Hi Olivier,


The policy of this list is: don't top-post. I reordered your mail to read from top to bottom, my answers in between.



It seems that one of the input polygons to the union_ function is
invalid. To understand my mistake, I outputed the operand polygons to
SVG files and I discovered punctures in one of them. I believe
Boost.Geometry thinks my polygon is self-intersecting (may be due to
precision error with floats ?) - but this polygon itself is the result
of a previous union operation.

I don't know if solutions to this problem exists or if the library is
faulty (the bad polygon is the result of an union operation). One
workaround would be to detect punctures and remove them, but it's kind
of ugly imho...

Some more details:
- point coordinates type is float,
- I use custom class instead of point_xy model,
- polygon winding is counter-clockwise.

Thank you in advance for any help,
Olivier





On 5-7-2013 15:05, Olivier Heriveaux wrote:

I exported the two inputs which produce the error during the algorithm execution and I wrote a simple program appart with thoose polygons. I also simplified a little the inputs and i was able to reproduce the problem (see attached source file main.cpp).

Thanks for your sample program and your tests.




I'll attach the generated SVG for inputs and output.
As you suggested, I also tried to use double instead of float. The result is different (note: not all digits printed for doubles) :

-1.1414213180542001069 -0.14142137765884399414    <- A
-0.97336012125015303198 0.19470110535621598657    <- one new extra-point
-0.97336008742385127235 0.19470109862769818809    <-
-1.1414213180542001069 -0.14142137765884399414    <- point equal to A (I checked till last digit, not shown here)


My version with high precision (ttmath):
-1.1414213180542 -0.141421377658844 (point of both pa and pb)
-0.973360121250153 0.194701105356216 (point of pa)
-0.9733600874238512128115932867815276942 0.19470109862769819504261957771496882692 (generated point)
-1.1414213180542 -0.141421377658844 (point of both pa and pb)


One more thing I forgot to mention: I'm using boost 1.53 - I see another version has been released very recently and I think i'll give a try with it asap.

This behaviour is not changed.


I'm not very familiar with Boost.Geometry, so maybe I'm doing something wrong or maybe I'm expecting too much.


I tried it with float, double and ttmath and can reproduce your case with all of them. ttmath is expected to be high precision so it is (probably) not really a floating point error.
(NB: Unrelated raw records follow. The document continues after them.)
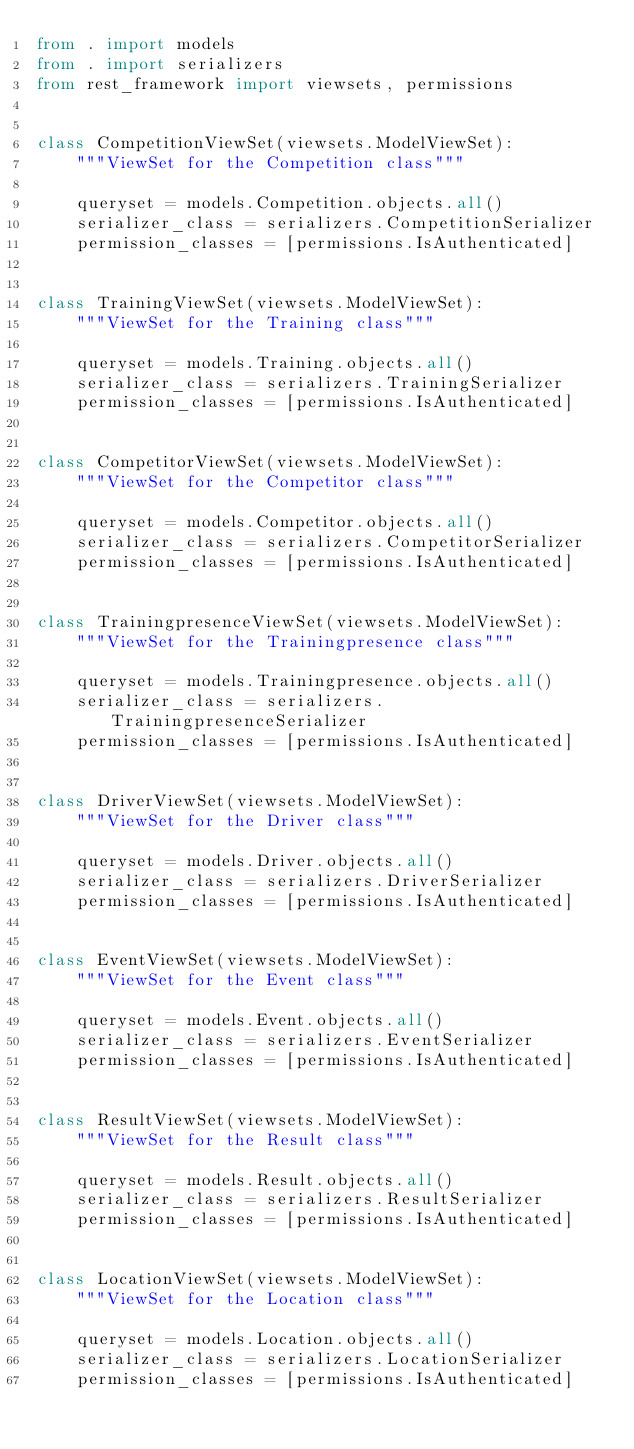<code> <loc_0><loc_0><loc_500><loc_500><_Python_>from . import models
from . import serializers
from rest_framework import viewsets, permissions


class CompetitionViewSet(viewsets.ModelViewSet):
    """ViewSet for the Competition class"""

    queryset = models.Competition.objects.all()
    serializer_class = serializers.CompetitionSerializer
    permission_classes = [permissions.IsAuthenticated]


class TrainingViewSet(viewsets.ModelViewSet):
    """ViewSet for the Training class"""

    queryset = models.Training.objects.all()
    serializer_class = serializers.TrainingSerializer
    permission_classes = [permissions.IsAuthenticated]


class CompetitorViewSet(viewsets.ModelViewSet):
    """ViewSet for the Competitor class"""

    queryset = models.Competitor.objects.all()
    serializer_class = serializers.CompetitorSerializer
    permission_classes = [permissions.IsAuthenticated]


class TrainingpresenceViewSet(viewsets.ModelViewSet):
    """ViewSet for the Trainingpresence class"""

    queryset = models.Trainingpresence.objects.all()
    serializer_class = serializers.TrainingpresenceSerializer
    permission_classes = [permissions.IsAuthenticated]


class DriverViewSet(viewsets.ModelViewSet):
    """ViewSet for the Driver class"""

    queryset = models.Driver.objects.all()
    serializer_class = serializers.DriverSerializer
    permission_classes = [permissions.IsAuthenticated]


class EventViewSet(viewsets.ModelViewSet):
    """ViewSet for the Event class"""

    queryset = models.Event.objects.all()
    serializer_class = serializers.EventSerializer
    permission_classes = [permissions.IsAuthenticated]


class ResultViewSet(viewsets.ModelViewSet):
    """ViewSet for the Result class"""

    queryset = models.Result.objects.all()
    serializer_class = serializers.ResultSerializer
    permission_classes = [permissions.IsAuthenticated]


class LocationViewSet(viewsets.ModelViewSet):
    """ViewSet for the Location class"""

    queryset = models.Location.objects.all()
    serializer_class = serializers.LocationSerializer
    permission_classes = [permissions.IsAuthenticated]


</code>

I also tried to make the union with both SQL Server and PostGIS and both give a similar output, including the pseudo-spike. SQL Server makes it one polygon, PostGIS makes it a polygon with a hole. So this case is indeed quite interesting. They both report the output polygon to be valid. A polygon may contain a self-tangency.
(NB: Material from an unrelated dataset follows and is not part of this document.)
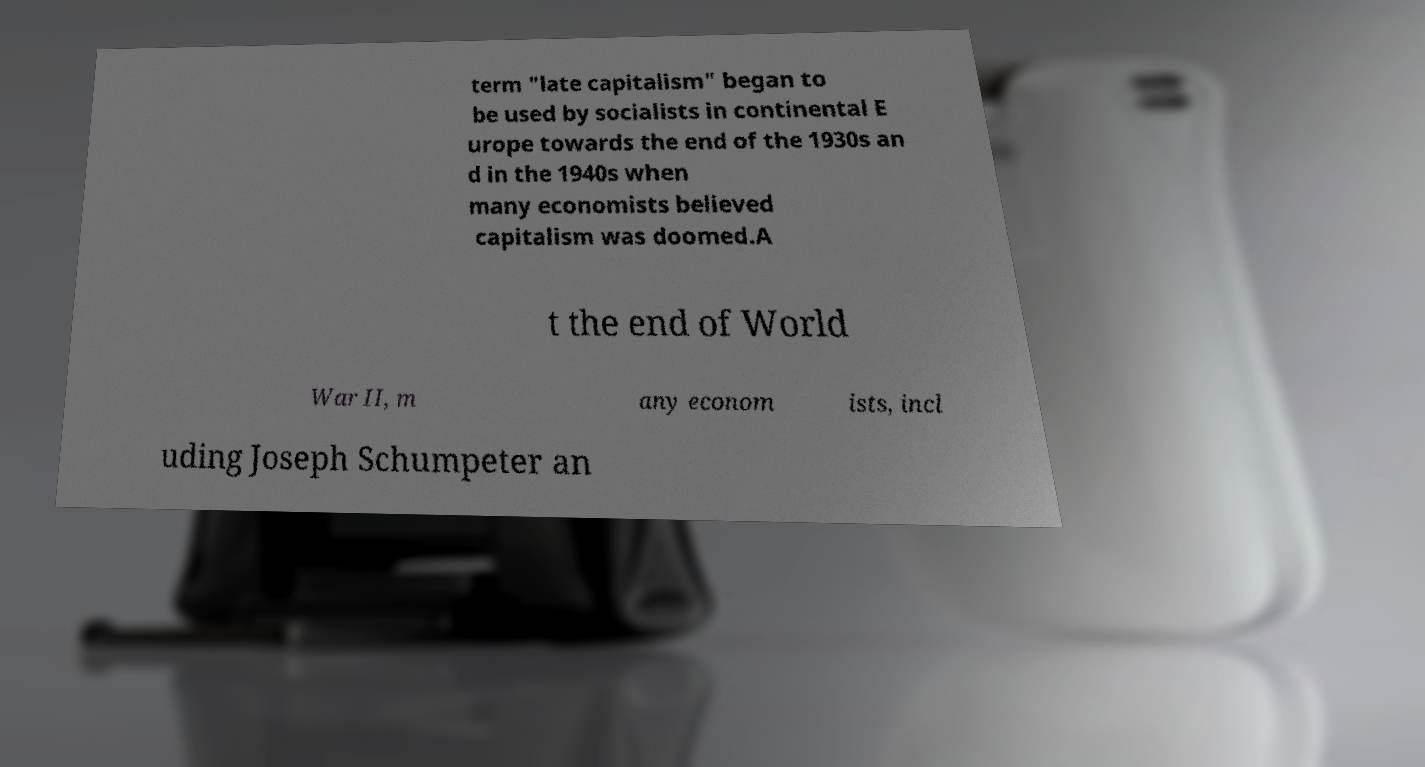Can you accurately transcribe the text from the provided image for me? term "late capitalism" began to be used by socialists in continental E urope towards the end of the 1930s an d in the 1940s when many economists believed capitalism was doomed.A t the end of World War II, m any econom ists, incl uding Joseph Schumpeter an

The whole-like triangle has an area of -0.000000006250291651472502798247346743117038847 so it is in fact not a spike, at least not in ttmath (and according to your report, not in double).
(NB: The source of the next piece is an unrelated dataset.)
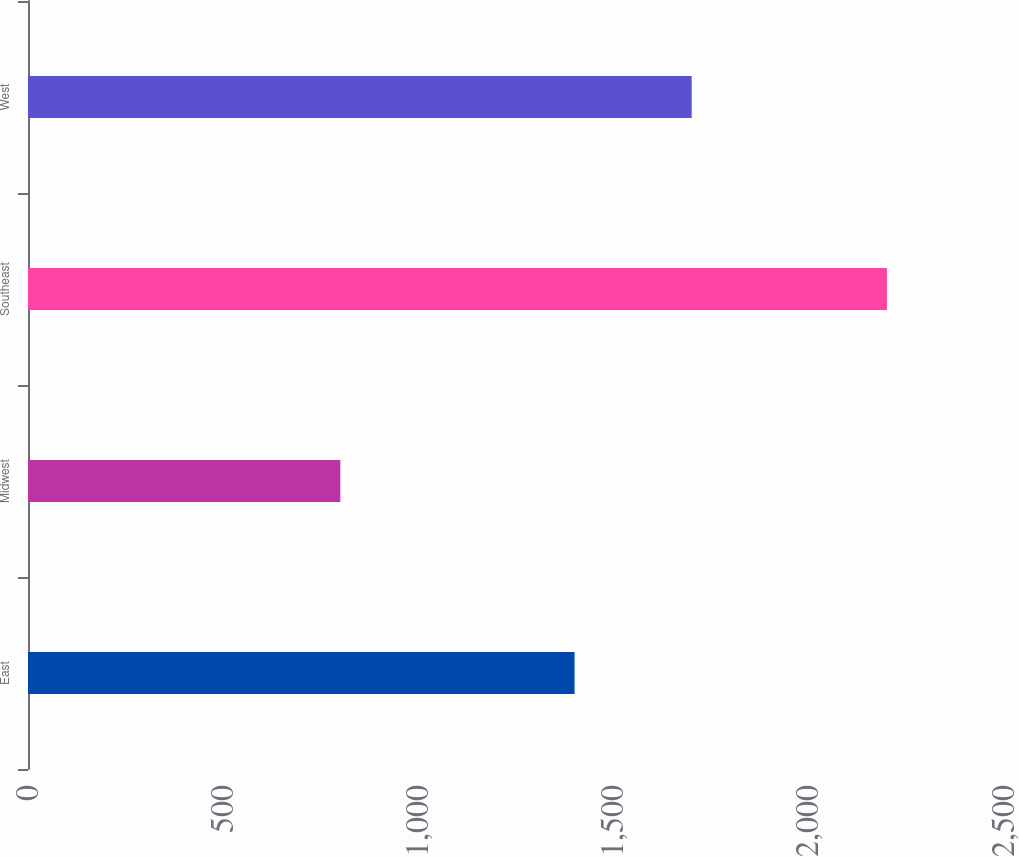<chart> <loc_0><loc_0><loc_500><loc_500><bar_chart><fcel>East<fcel>Midwest<fcel>Southeast<fcel>West<nl><fcel>1400<fcel>800<fcel>2200<fcel>1700<nl></chart> 
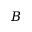<formula> <loc_0><loc_0><loc_500><loc_500>B</formula>

So only in float we have the real spike. The output is indeed not checked on these cases. They should not be generated but in float they apparently are, because of the lower resolution.

Did you try the complete program (so including the steps after this union) with double? Is it then also reporting the self-intersection? You probably cannot use float for this case... We can filter out the spike in a post-process, as you suggest, but it is (at least not now) the intention to do this by default.